The paper RoboTwin 2.0: A Scalable Data Generator and Benchmark with Strong Domain Randomization for Robust Bimanual Robotic Manipulation (arXiv:2506.18088, accepted at ICLR 2026) proposes a complete framework for automatically generating large-scale expert data for dual-arm robots, with strong domain randomization to bridge the sim-to-real gap.
Why Is Dual-Arm Manipulation So Hard?
Single-arm manipulation is already complex. Dual-arm manipulation multiplies that complexity: the state space doubles, both arms must coordinate in real time, and many tasks require simultaneous contact from both grippers. To open a box lid, for instance, one arm holds the box while the other turns the lid — two entirely different subtasks that must be perfectly synchronized.
Collecting such data through teleoperation is extremely labor-intensive. RoboTwin 2.0's answer: generate data automatically in simulation, then apply domain randomization so trained policies generalize to the real world.
Framework Architecture
The framework has three main layers:
1. RoboTwin-OD — 731-Instance Object Library
This is the foundation of the entire system. RoboTwin-OD comprises:
- 731 object instances across 147 categories
- 534 objects generated via RGB-to-3D reconstruction using the Rodin platform
- 153 objects from Objaverse (open-source 3D library)
- 44 articulated objects (boxes, bottles, laptops) from PartNet-Mobility
Each object is annotated with: placement points, functional points, grasping points, grasp axis directions, and 15 language descriptions covering shape, texture, functionality, and part structure. These annotations are what enable the MLLM code generation pipeline to work correctly.
2. MLLM Code Generation — Automated Robot Control Code
Instead of manually writing control code for each task, RoboTwin 2.0 uses a Multimodal Large Language Model (MLLM) to automatically synthesize Python programs that control the robot.
The process is a closed-loop system:
[Task Description] → [Code Agent] → [Python Program]
↓
[Simulate × 10 trials]
↓
[VLM Observer analyzes results]
↓
[Failure diagnosis → feedback]
↓
[Code Agent refines code]
(up to 5 iterations)
The Code Agent uses DeepSeek-V3 or moonshot-v1-32k-vision to generate Python programs from task descriptions and SAPIEN simulator API specifications.
The VLM Observer watches all 10 simulation trials, detects failures (robot missed the object? both arms collided?), and returns language feedback to the Code Agent.
Result: code generation success rate jumps from 47.4% to 71.3% — nearly a 50% improvement from the multimodal feedback loop alone.
3. Domain Randomization — 5 Systematic Axes
This is what makes synthetic data actually useful for real-world deployment.

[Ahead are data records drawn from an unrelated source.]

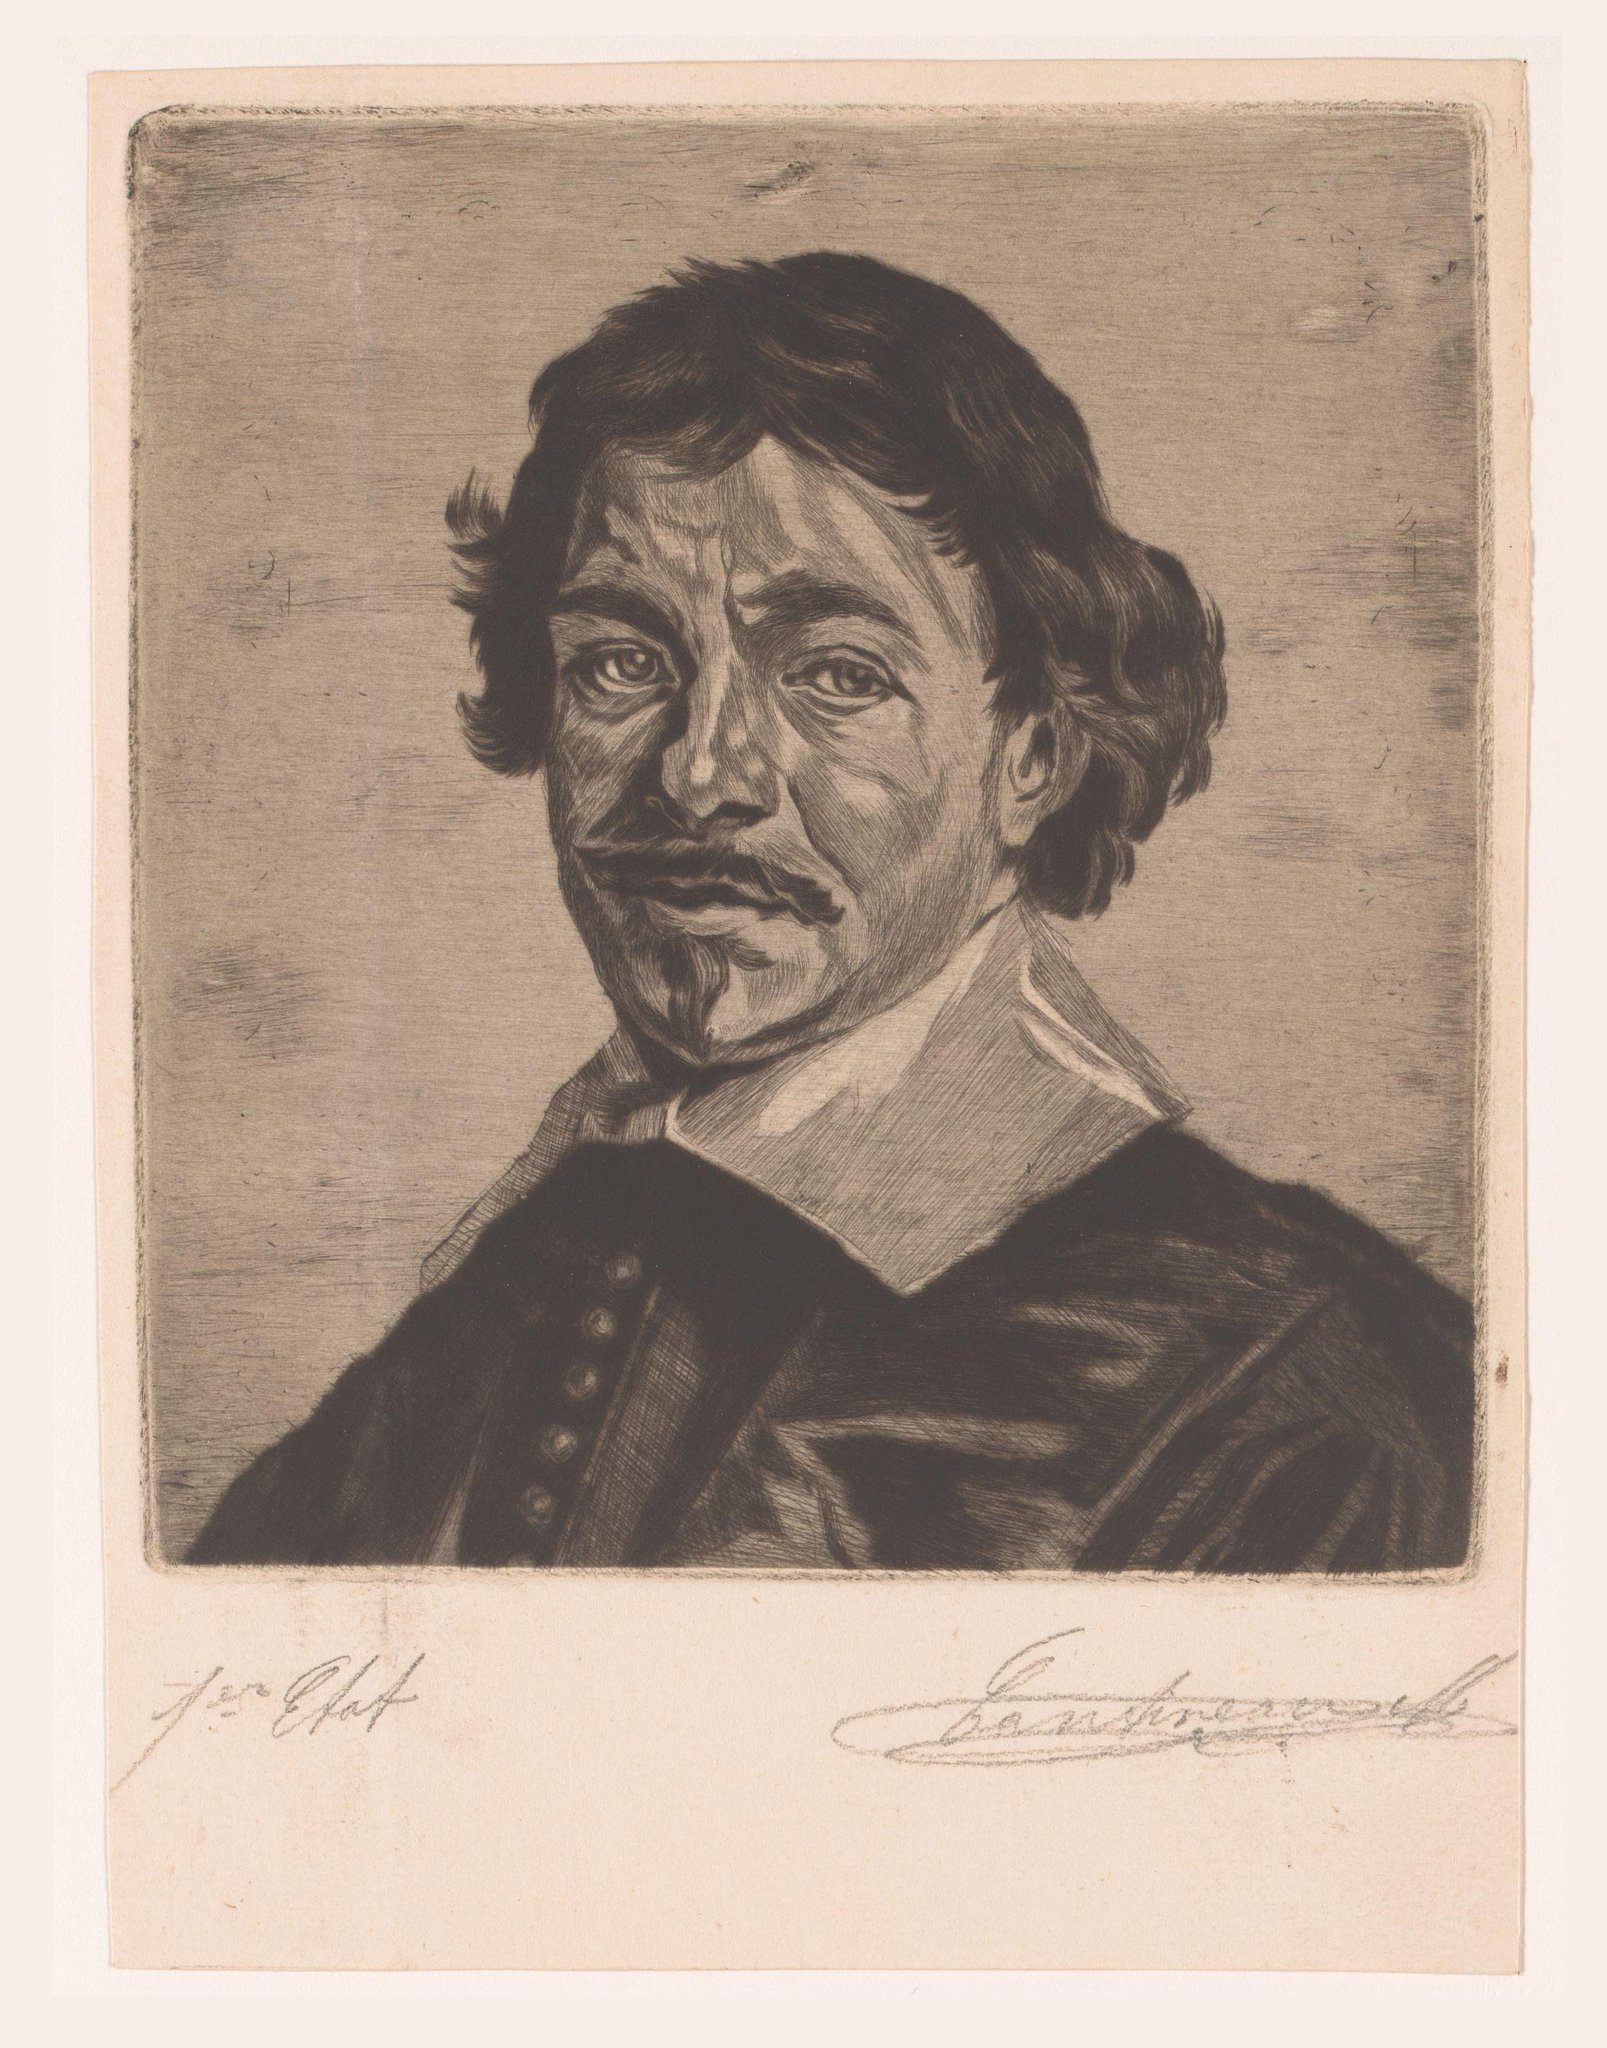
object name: print
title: Portret van Frans Hals, naar een zelfportret
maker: mary hector rupert cantineau
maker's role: draughtsman, print maker
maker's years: 1875-
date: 1885-1909
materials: paper
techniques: drypoint, etching, intaglio
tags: antwerp, haarlem, draughtsman, frans hals, portrait, self-portrait of artist
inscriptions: annotation: ‘1er état’, collector's mark: Lugt 2228
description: Sterfdatum prentmaker onbekend. Derhalve is voor bepaling van de rechten van dit object de verwervingsdatum aangehouden.

| Randomization Axis | Implementation |
|---|---|
| Scene Clutter | Random placement of task-irrelevant objects with collision-aware positioning |
| Textures | 12,000 human-verified textures from Stable Diffusion, applied to surfaces randomly |
| Lighting | Randomized color, type, intensity, and position of light sources within physical bounds |
| Tabletop Height | Uniform sampling ±3cm from standard height — simulates real tables of varying height |
| Language Instructions | Sentence templates combined with object descriptions → diverse instruction phrasings per trajectory |
Every trajectory in the dataset is randomized across all 5 axes, creating a massive variation space that forces the policy to learn genuinely generalizable features.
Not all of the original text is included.